Teresa slipped through and closed it behind her. She stood, silent and still, and listened. There had been no Beware of Dog signs, so she hoped there were no dogs.

A window toward the end of the house was cracked open. Skunky smoke, the same scent from the kids at the cemetery, wafted out.

She crept to the window and peered inside. A young man sat in a recliner. The zoe line disappeared into his chest. He wore a headset and had a video game controller in his hands. He took a drag off a joint and held the smoke. On the exhale, he emitted a series of shallow coughs before setting the joint in an ashtray.

Teresa ducked when he leaned over to grab a bottle off the same table.

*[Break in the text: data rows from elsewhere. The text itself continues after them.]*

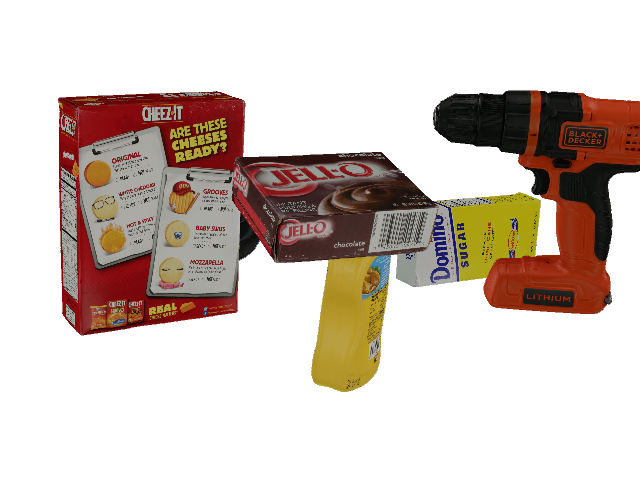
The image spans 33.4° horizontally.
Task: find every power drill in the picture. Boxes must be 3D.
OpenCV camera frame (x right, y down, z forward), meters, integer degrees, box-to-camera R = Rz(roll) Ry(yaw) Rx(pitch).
[{"bbox_3d":[0.181,-0.033,0.882,0.184,0.188,0.057,5,29,7],"label":"power drill"}]

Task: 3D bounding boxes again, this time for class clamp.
[{"bbox_3d":[-0.084,-0.018,1.214,0.120,0.039,0.171,-1,36,25],"label":"clamp"}]

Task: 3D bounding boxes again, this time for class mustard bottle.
[{"bbox_3d":[0.034,0.035,0.975,0.058,0.192,0.096,15,21,19],"label":"mustard bottle"}]

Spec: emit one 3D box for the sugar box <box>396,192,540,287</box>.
[{"bbox_3d":[0.174,-0.002,1.249,0.175,0.093,0.048,-8,18,-31],"label":"sugar box"}]

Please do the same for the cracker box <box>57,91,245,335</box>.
[{"bbox_3d":[-0.160,-0.030,1.009,0.163,0.214,0.072,-7,18,-30],"label":"cracker box"}]

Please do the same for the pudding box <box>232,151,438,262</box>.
[{"bbox_3d":[0.007,-0.024,0.706,0.113,0.039,0.090,-2,30,-24],"label":"pudding box"}]

Beer. This kid, who couldn’t be a day over nineteen, was home alone drinking beer and smoking pot.

“My parents moved to fucking Florida and left me here,” he said into the headset, as if responding to Teresa’s thought. Perhaps he was older than nineteen then. “Living in their house rent free, bitches.” He pushed buttons on his controller.

Teresa went around to the back and tried the sliding glass door. It opened smooth and quiet. The screen, however, rattled and screeched along the track.

A big dog’s booming bark came from somewhere inside.